[SERVER-72491] Force Delay on ContinuousInitialSync Hook Node Stepup Created: 03/Jan/23  Updated: 29/Oct/23  Resolved: 04/Jan/23

Status: Closed
Project: Core Server
Component/s: None
Affects Version/s: None
Fix Version/s: 6.3.0-rc0

Type: Bug Priority: Major - P3
Reporter: Sean Zimmerman Assignee: Sean Zimmerman
Resolution: Fixed Votes: 0
Labels: None
Remaining Estimate: Not Specified
Time Spent: Not Specified
Original Estimate: Not Specified

Issue Links:
Depends
Backwards Compatibility: Fully Compatible
Operating System: ALL
Sprint: Repl 2023-01-09
Participants:
Linked BF Score: 13

 Description   

Problem

In BF-27059 we would see a bug where a retryable write fails on a fresh initial sync node due to trying to retry operations not in the nodes oplog. This is a very consistent build failure that has been ongoing for over a month with 33% failure rate.

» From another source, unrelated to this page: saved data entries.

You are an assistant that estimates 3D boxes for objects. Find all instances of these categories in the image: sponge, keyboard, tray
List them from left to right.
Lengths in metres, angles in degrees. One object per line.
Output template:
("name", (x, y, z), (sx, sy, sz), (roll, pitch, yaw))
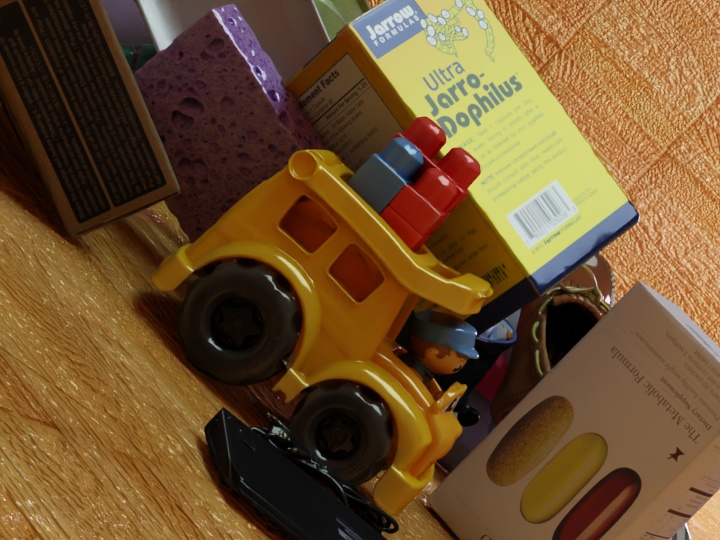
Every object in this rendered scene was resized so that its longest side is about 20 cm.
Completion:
("sponge", (-0.068, -0.052, 1.520), (0.200, 0.111, 0.030), (58, 34, 2))
("tray", (-0.065, -0.121, 1.584), (0.022, 0.107, 0.200), (5, 63, -86))
("keyboard", (-0.008, 0.141, 1.297), (0.200, 0.021, 0.127), (42, 14, -22))

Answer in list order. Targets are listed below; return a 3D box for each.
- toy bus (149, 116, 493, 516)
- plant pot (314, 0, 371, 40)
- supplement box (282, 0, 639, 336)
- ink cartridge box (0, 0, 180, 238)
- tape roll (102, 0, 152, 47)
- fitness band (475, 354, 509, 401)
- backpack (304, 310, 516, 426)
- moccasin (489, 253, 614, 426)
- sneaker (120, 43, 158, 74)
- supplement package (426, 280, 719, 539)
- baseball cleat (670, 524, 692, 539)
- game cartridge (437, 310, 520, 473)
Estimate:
("toy bus", (0.009, 0.015, 1.423), (0.200, 0.192, 0.136), (46, 6, 4))
("plant pot", (-0.080, -0.122, 1.826), (0.200, 0.200, 0.190), (40, 21, -25))
("supplement box", (0.056, -0.069, 1.516), (0.109, 0.109, 0.200), (-35, 89, -38))
("ink cartridge box", (-0.188, -0.137, 1.434), (0.200, 0.075, 0.165), (53, -14, 56))
("tape roll", (-0.130, -0.239, 1.650), (0.066, 0.200, 0.200), (54, 11, 21))
("fitness band", (0.118, 0.029, 1.809), (0.143, 0.037, 0.200), (31, 37, -27))
("backpack", (0.000, 0.000, 1.654), (0.190, 0.154, 0.200), (36, 6, 31))
("moccasin", (0.147, 0.043, 1.729), (0.074, 0.078, 0.201), (44, 35, -5))
("sneaker", (-0.152, -0.125, 1.634), (0.200, 0.075, 0.088), (19, 7, -21))
("supplement package", (0.161, 0.123, 1.586), (0.114, 0.200, 0.110), (46, 8, 23))
("baseball cleat", (0.215, 0.217, 1.725), (0.200, 0.070, 0.106), (57, 5, -14))
("game cartridge", (0.114, 0.104, 1.794), (0.133, 0.042, 0.200), (40, 34, -9))

Solution & Acceptance Criteria

The current ContinuousInitialSync hook has a random chance to either immediately promote the initial sync node after sync or to wait before promotion. The bug only occurs on immediate promotion so the solution should be to remove the random chance.

Impact

This change does reduce the total number of initial syncs done during the suite (from ~100 to ~50 on average). This should still be sufficient to test initial sync and can be further improved by adjusting the wait time before promotion in the future.



 Comments   
Comment by Githook User [ 04/Jan/23 ]

Author:

{'name': 'seanzimm', 'email': 'sean.zimmerman@mongodb.com', 'username': 'seanzimm'}

Message: SERVER-72491: Remove random chance to immediately promote initial sync node
Branch: master
https://github.com/mongodb/mongo/commit/d1a67f12332e4ab92e43b24f192267a1f10574c3

Generated at Thu Feb 08 06:21:58 UTC 2024 using Jira 9.7.1#970001-sha1:2222b88b221c4928ef0de3161136cc90c8356a66.